1. you must be an active member of the forum with a minimum of 50 relivent posts on the site as of the day the game begines

2.the game will last for a 7 day period or end sooner if someone gets the answer earlier than the 7 days

3. i will pay shipping in the continental US only

4. i will determine the winner,in case of a tie i will have my lovely wife draw the winners name from a hat

pretty simple huh

so is there any interest in playing my game?

i would like to see atleast 20 members interested in playing my little game,just to make it worth my while for giving up one of my knapped knives


----------



## Agney5 (Sep 28, 2013)

I'm in sounds fun.

Sent from my DROID RAZR using Tapatalk


----------



## SerenityNetworks (Apr 9, 2013)

I'm in (until my wife asks why I'm up at midnight looking at Google Earth).


----------



## prairiewolf (Feb 19, 2012)

I'm in !!


----------



## youngdon (Mar 10, 2010)

I'm game !


----------



## dwtrees (Mar 5, 2012)

I'm in too. Search and find are fun games. It's just like hunting with out the weapon.


----------



## jswift (Dec 24, 2012)

Count me in.


----------



## catcapper (Feb 11, 2010)

This should be interesting.

awprint:


----------



## Ruger (Jan 22, 2011)

Should be fun!!!!!!


----------



## Bigdrowdy1 (Jan 29, 2010)

I am in and if i win I will just create another game for the same prize!! for I have a special one on the way!! You guys are yucky because I am working 14 to 16 hour days right now so ALL ya have a chance based on my computer skills it would not haave been fairy!!

You have all seen pictures of my Brain so need I say More?

Good Luck too yu all


----------



## youngdon (Mar 10, 2010)

Yucky ? .....fairy..... Rodney what's happening to you ?


----------



## Bigdrowdy1 (Jan 29, 2010)

Peanut must be starting to roast a little from being in the sun all day.


----------



## dwtrees (Mar 5, 2012)

Nothing wrong with roasted peanuts as long as they aren't salted. lol


----------



## JTKillough (May 4, 2010)

I found the truck, but still looking for the actual stand......Just kidding. Goggle Earth is a very useful tool to have. I did an article in Predator Xtreme about using Google Earth to pre scout a hunting area, pick set-up spots, and locate water. I never thought of using it as a game to locate hidden objects such as tree stands.
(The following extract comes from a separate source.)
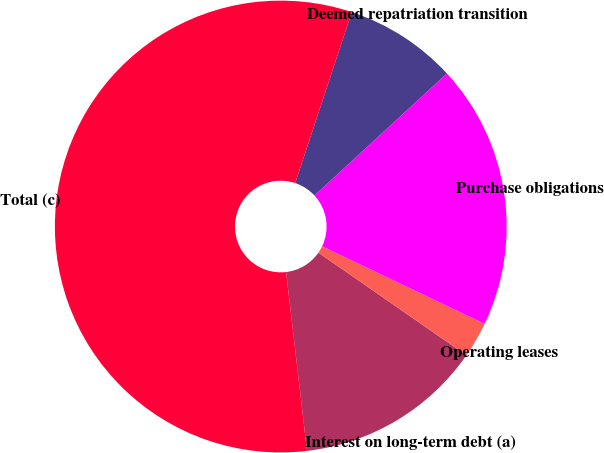Convert chart to OTSL. <chart><loc_0><loc_0><loc_500><loc_500><pie_chart><fcel>Interest on long-term debt (a)<fcel>Operating leases<fcel>Purchase obligations<fcel>Deemed repatriation transition<fcel>Total (c)<nl><fcel>13.5%<fcel>2.56%<fcel>18.94%<fcel>8.06%<fcel>56.95%<nl></chart>

Put me down.


----------



## sneakygroundbuzzard (Nov 1, 2012)

well not as many interested in playing my little game as i hoped

but we will play anyhow 

i will post the google earth coordinates for the lcoation of my truck and the eye altitude as it all reads on google earth

i will post these on sunday may 18th at 8pm central time

i figure(thanks to ED's suggestion) that i would let everyone know in advance of when the actual posting/start of the game is

so as everyone can try and start at the same time

i will also post the eye altitude that i expect the coordinates for the finding of my "hunting blind"

i will take any posts that are within the same minute(no seconds as its hard for more than one post to be posted simultaneously)

so if there are two or more posted with the right answer in the same minute,their names will be put into my hunting hat and my lovely wife will draw the winner

when i post the location of my truck i will also post a pic of the knife the winner will recieve

so remember *SUNDAY MAY 18TH AT 8PM CENTRAL TIME *

i hope everyone has fun playing,and yes you can make more than one guess.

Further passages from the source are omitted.